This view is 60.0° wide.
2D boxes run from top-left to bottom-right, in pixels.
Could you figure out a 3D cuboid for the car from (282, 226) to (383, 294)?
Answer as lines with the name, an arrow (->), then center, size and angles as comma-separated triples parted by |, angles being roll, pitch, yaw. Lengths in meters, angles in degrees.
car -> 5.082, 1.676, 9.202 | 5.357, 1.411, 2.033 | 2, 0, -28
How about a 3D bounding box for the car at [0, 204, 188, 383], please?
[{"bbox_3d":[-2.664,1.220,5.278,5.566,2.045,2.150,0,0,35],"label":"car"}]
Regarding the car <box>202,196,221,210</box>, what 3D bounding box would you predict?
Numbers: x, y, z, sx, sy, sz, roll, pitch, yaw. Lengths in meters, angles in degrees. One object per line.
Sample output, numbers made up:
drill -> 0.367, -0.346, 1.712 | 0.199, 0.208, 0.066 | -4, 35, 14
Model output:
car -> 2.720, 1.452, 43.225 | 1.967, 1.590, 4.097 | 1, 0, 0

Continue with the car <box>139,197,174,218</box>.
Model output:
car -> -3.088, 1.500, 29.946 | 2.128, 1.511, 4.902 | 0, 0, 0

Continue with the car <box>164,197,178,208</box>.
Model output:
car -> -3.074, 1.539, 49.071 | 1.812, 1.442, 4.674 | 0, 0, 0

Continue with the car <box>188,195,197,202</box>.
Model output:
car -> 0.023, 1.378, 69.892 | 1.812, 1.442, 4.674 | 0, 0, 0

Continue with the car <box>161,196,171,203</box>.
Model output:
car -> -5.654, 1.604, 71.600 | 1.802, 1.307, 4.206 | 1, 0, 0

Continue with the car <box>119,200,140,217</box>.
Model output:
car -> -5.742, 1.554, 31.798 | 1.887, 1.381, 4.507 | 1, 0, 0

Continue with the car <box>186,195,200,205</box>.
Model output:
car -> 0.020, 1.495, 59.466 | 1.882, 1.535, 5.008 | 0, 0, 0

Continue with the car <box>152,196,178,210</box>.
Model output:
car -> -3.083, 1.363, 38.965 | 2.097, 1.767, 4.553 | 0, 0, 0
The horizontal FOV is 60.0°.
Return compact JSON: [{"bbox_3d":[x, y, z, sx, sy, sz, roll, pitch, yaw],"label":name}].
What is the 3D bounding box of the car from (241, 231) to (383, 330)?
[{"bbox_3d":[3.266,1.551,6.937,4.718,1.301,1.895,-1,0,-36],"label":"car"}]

□ □ □ □

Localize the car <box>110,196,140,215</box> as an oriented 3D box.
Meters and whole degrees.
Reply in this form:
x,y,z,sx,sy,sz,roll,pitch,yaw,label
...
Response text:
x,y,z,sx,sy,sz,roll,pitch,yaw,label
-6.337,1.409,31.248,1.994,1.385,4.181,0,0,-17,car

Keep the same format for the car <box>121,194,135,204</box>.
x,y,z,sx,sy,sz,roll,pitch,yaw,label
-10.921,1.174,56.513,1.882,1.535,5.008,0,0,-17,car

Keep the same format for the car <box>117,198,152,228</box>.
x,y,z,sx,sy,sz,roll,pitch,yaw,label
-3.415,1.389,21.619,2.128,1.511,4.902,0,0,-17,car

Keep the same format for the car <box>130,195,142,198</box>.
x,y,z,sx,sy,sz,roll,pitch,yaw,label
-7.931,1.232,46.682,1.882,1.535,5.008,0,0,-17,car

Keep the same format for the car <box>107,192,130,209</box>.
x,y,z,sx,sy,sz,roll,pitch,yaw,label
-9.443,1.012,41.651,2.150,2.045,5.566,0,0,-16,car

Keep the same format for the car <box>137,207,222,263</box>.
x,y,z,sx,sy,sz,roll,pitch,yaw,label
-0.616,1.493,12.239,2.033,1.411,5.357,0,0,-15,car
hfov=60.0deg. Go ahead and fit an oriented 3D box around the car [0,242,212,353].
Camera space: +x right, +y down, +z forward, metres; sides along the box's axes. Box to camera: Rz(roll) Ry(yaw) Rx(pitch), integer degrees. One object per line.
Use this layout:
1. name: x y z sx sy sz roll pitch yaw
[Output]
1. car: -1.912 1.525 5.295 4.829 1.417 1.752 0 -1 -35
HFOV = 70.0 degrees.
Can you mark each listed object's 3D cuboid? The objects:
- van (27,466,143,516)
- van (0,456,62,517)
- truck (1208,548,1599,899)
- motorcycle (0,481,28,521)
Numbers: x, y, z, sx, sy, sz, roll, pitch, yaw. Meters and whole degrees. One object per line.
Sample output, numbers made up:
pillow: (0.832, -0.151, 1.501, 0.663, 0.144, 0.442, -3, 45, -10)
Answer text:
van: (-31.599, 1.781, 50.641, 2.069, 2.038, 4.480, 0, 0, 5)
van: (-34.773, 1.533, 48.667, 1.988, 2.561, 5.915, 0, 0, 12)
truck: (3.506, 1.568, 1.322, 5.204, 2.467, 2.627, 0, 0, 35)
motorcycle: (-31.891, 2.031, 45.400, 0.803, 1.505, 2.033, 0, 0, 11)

□ □ □ □

TRY IT: Set down, unchanged, only those lines above that fall between the line with "This view is 60.0° wide." and the line with "Could you figure", the two end lines included.

EXERCISE RESULT:
This view is 60.0° wide.
2D boxes run from top-left to bottom-right, in pixels.
Could you figure out a 3D cuboid for the car from (282, 226) to (383, 294)?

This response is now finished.